Opinion on other matters prescribed by the Companies Act 2006
 

In our opinion, based on the work undertaken in the course of the audit:


the information given in the Strategic Report and the Directors' Report for the financial period for which the financial statements are prepared is consistent with the financial statements; and
the Strategic Report and the Directors' Report have been prepared in accordance with applicable legal requirements.


Matters on which we are required to report by exception
 

In the light of the knowledge and understanding of the Company and its environment obtained in the course of the audit, we have not identified material misstatements in the Strategic Report or the Directors' Report.

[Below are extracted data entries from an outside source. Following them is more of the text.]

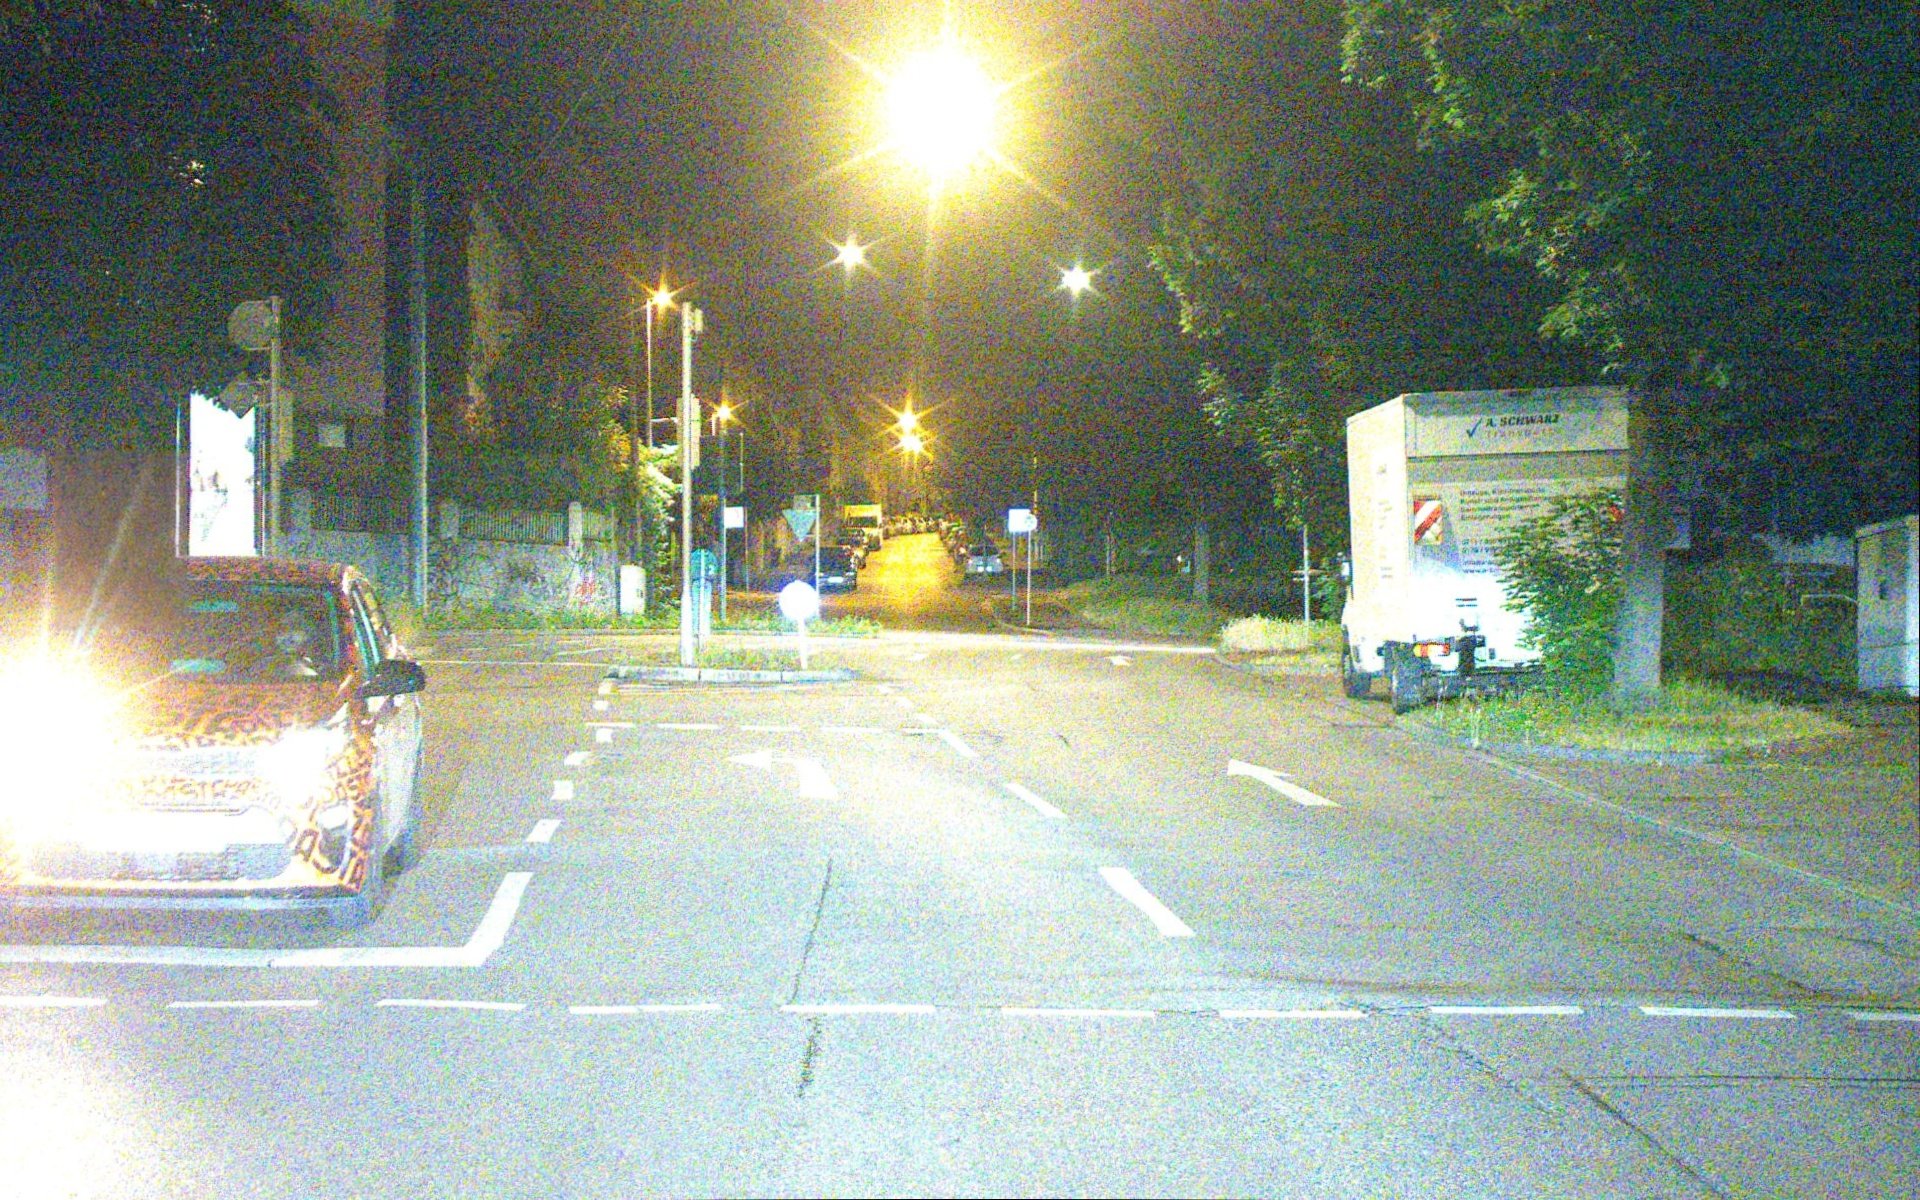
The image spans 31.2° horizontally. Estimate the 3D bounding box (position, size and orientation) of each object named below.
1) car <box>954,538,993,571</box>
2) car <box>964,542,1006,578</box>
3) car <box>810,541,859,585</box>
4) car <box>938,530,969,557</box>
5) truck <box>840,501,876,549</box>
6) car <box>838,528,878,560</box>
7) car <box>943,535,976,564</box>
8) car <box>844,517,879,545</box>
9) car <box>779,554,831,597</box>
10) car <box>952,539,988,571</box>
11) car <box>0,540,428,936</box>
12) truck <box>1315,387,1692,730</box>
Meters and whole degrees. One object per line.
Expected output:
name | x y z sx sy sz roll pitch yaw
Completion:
car | 0.590 -2.032 153.087 1.634 1.447 3.485 1 1 -1
car | 1.029 -1.675 143.354 1.634 1.447 3.485 1 1 -1
car | -4.896 -1.459 134.440 1.815 1.678 4.000 1 1 -1
car | -0.373 -3.164 191.476 1.634 1.447 3.485 1 1 -1
truck | -6.215 -4.539 209.573 2.086 2.838 5.832 1 1 -2
car | -4.790 -2.613 160.561 1.815 1.486 4.000 1 1 -2
car | -0.017 -2.619 178.509 1.634 1.447 3.485 1 1 -1
car | -5.369 -3.733 186.943 1.815 1.486 4.000 1 1 -2
car | -5.325 -0.849 118.220 1.634 1.447 3.485 1 1 -1
car | 0.453 -2.083 159.272 1.634 1.447 3.485 1 1 -1
car | -3.207 0.502 14.820 1.581 1.496 3.397 1 1 -5
truck | 5.300 -0.431 34.627 2.749 3.100 6.258 1 1 0
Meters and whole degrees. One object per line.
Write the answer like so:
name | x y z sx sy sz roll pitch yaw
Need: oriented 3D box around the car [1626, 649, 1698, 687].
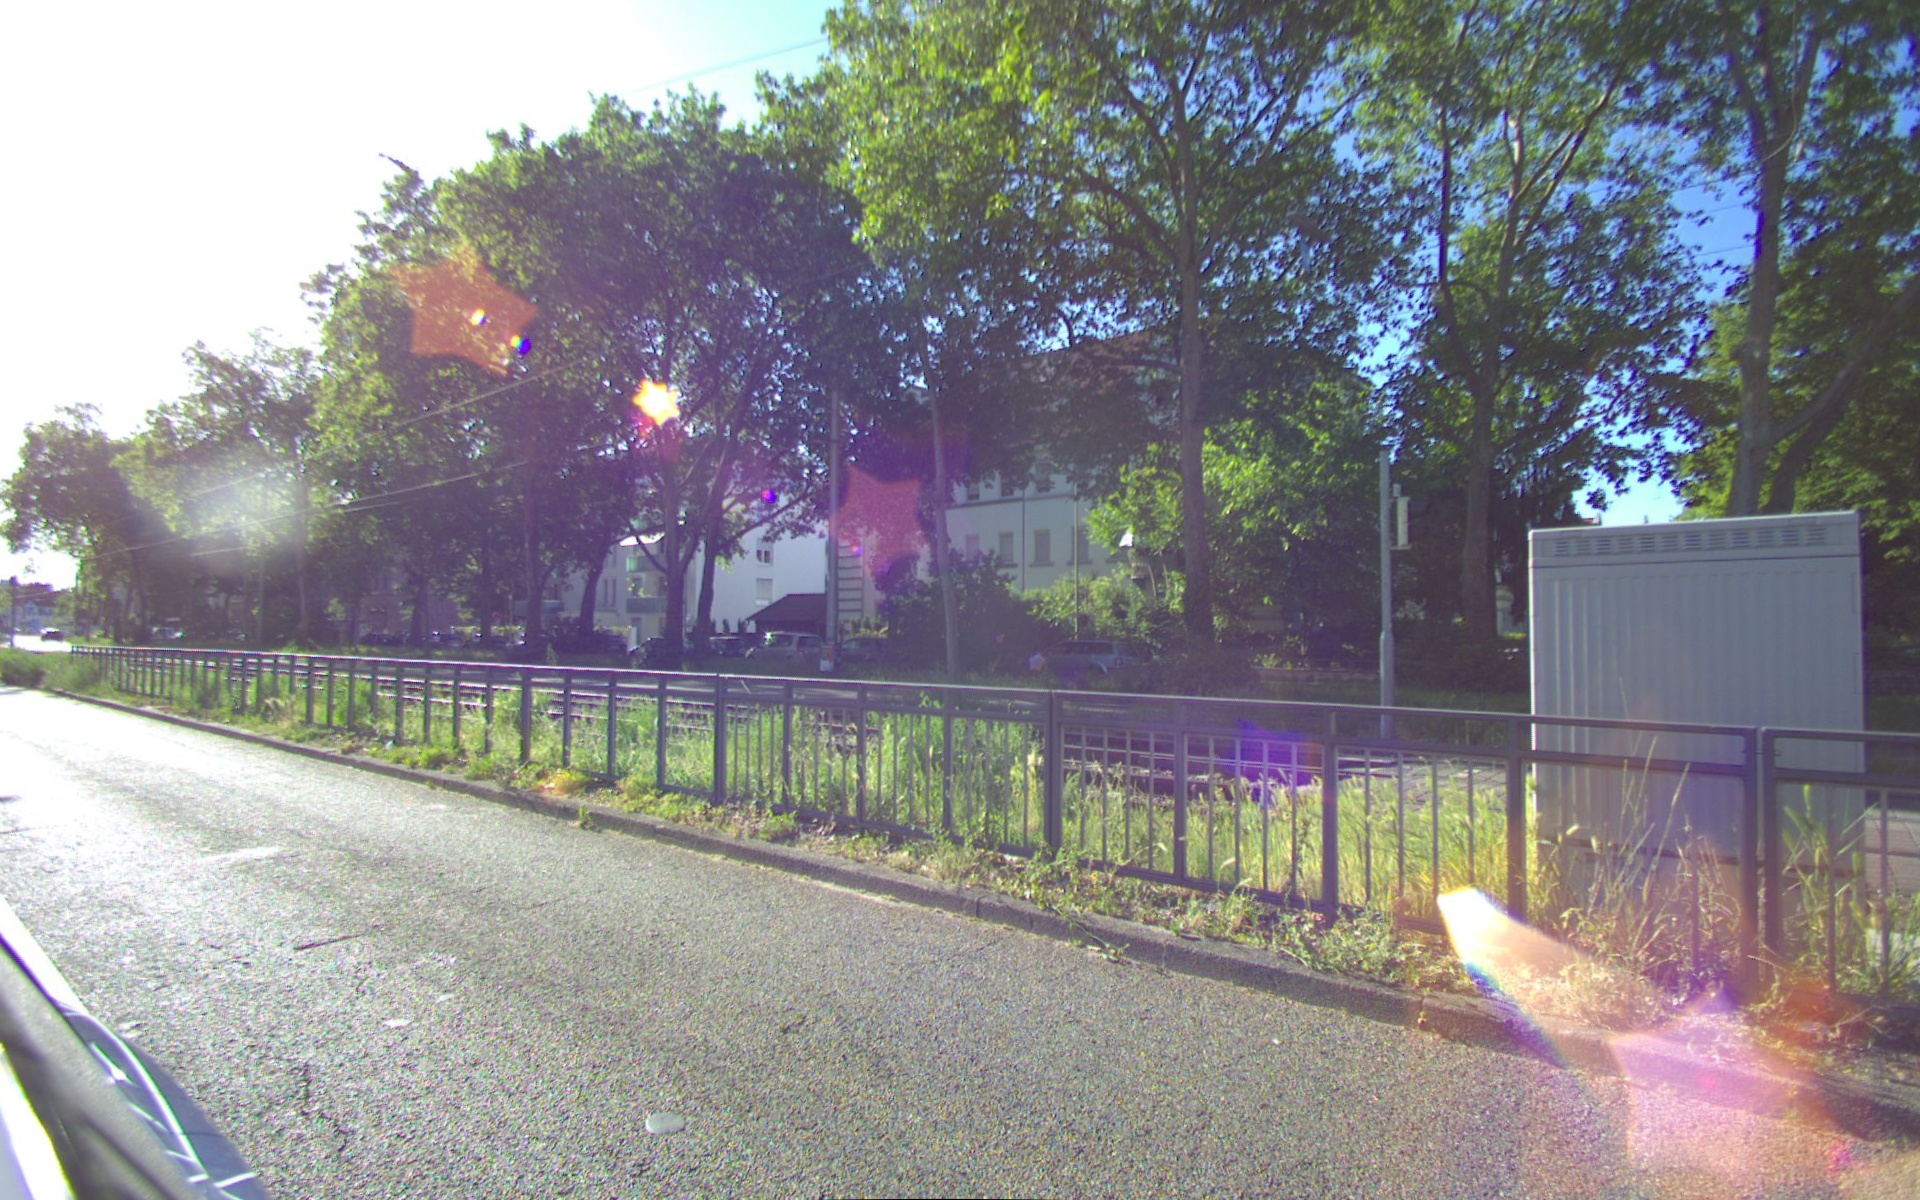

We have nothing to report in respect of the following matters in relation to which the Companies Act 2006 requires us to report to you if, in our opinion:


adequate accounting records have not been kept, or returns adequate for our audit have not been received from branches not visited by us; or
the financial statements are not in agreement with the accounting records and returns; or
certain disclosures of directors' remuneration specified by law are not made; or
we have not received all the information and explanations we require for our audit.


Responsibilities of directors
 

As explained more fully in the Directors' Responsibilities Statement set out on page 2, the directors are responsible for the preparation of the financial statements and for being satisfied that they give a true and fair view, and for such internal control as the directors determine is necessary to enable the preparation of financial statements that are free from material misstatement, whether due to fraud or error.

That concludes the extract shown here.